Special IMAC Agaroses
Immobilized metal affinity chromatography, or IMAC, has been employed for many applications making use of its versatile interaction with aromatic nitrogens and phosphates. To this end, NTA matrices have been loaded with a broad range of transition metals, as optimized for the individual interaction. Most commonly used alternative transition metals are copper (Cu), iron (Fe), and zinc (Zn), but also gallium (Ga), aluminium (Al), and zirconium (Zr) are sometimes used.
Special IMAC resins with IDA matrix coupled to different metal ions, can be ordered as customized resins. Feel free to contact
Applications that can be addressed with IMAC:
- Purification of phosphorylated proteins and peptides (Fe, Ga, Al, Zr)
- Purification of zinc-finger or copper-binding proteins (Zn, Cu)
- Purification of his-tagged proteins with different specificity (Zn, Cu, Co)
- MagBeads also available
Our Special IMAC Resins in detail
Purification of phosphorylated proteins
IMAC methods, in particular Fe-NTA or Ga-NTA, have been widely used to enrich phosphoproteins and phosphopeptides as part of the sample preparation for mass spectrometry (1,3,4). Depending on the sample, and the kind of phosphorylated proteins to be analyzed, also other transition metals, such as zirconium or aluminium have been loaded on NTA or IDA matrices for enrichment (6). Also, magnetic beads have been useful for this kind of sample preparation (2).
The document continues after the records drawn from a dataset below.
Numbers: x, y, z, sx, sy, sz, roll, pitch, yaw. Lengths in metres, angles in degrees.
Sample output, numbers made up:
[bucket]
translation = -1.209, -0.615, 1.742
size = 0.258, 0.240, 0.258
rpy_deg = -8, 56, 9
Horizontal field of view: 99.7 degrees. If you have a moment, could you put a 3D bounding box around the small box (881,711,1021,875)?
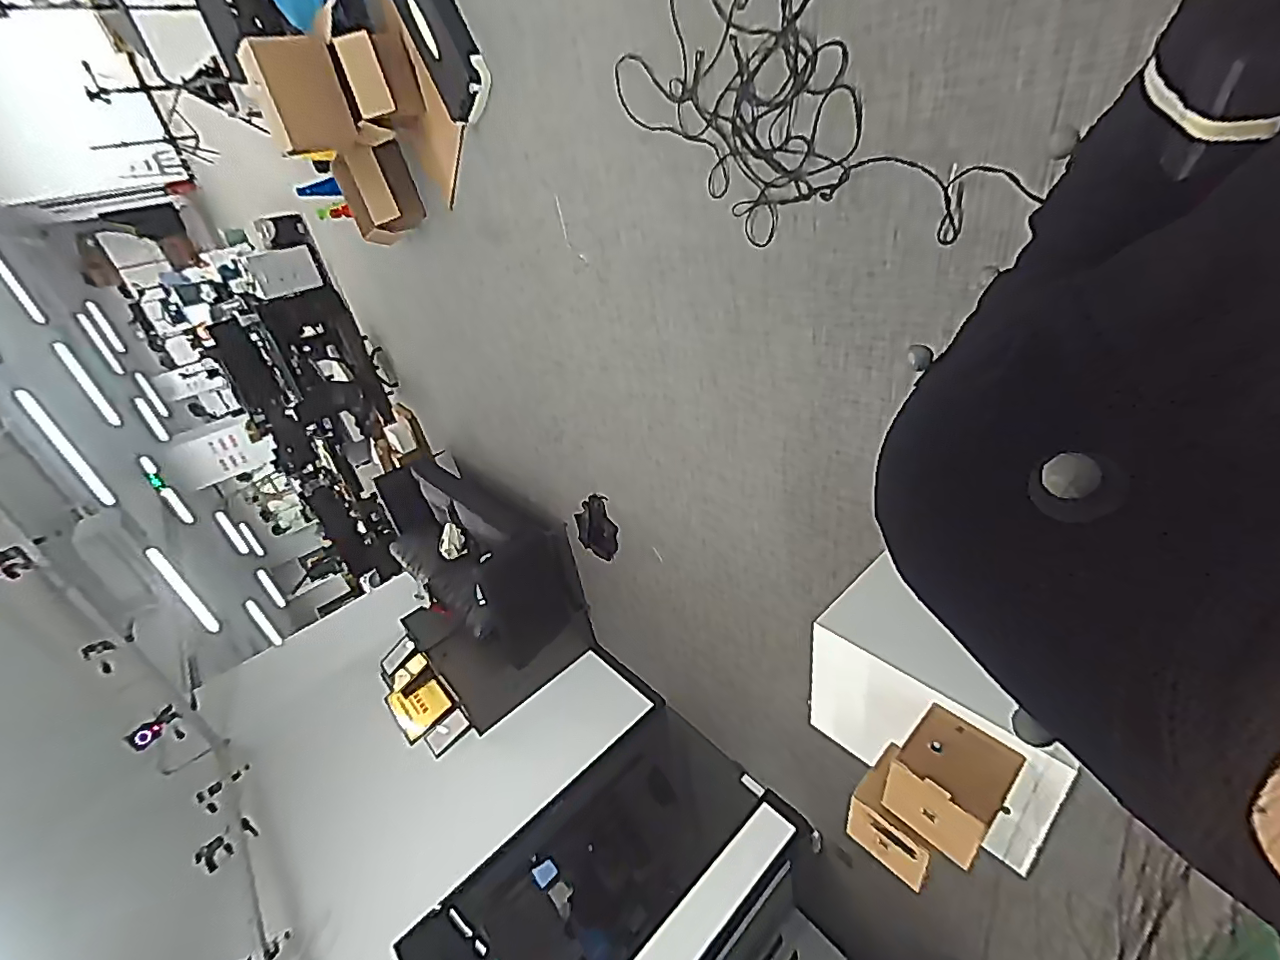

Fig. 1: PureCube His Affinity Resins feature flexible ligand loading. Both IDA and NTA resins can be loaded with the metal ion most suitable for a given application (Fe: iron, Ni: nickel, Cu: copper, Co: cobalt; Al: aluminium
Purification of zinc-finger proteins
When purifying his-tagged zinc-finger proteins which require a bound zinc ion for activity, it is often advisable to use Zn-IMAC instead of Ni-IMAC materials. Zinc matrices provide a high specificity for his-tagged protein purification (see Fig. 2) and an exchange of zinc bound to the active site of the protein by nickel is avoided (6). At the same time, non-tagged zinc-finger proteins can be purified using zinc IMAC matrices, simply by their affinity to this metal (5). Similar approaches have been done to enrich copper-binding proteins by Cu-IMAC, in particular with plant extracts (7).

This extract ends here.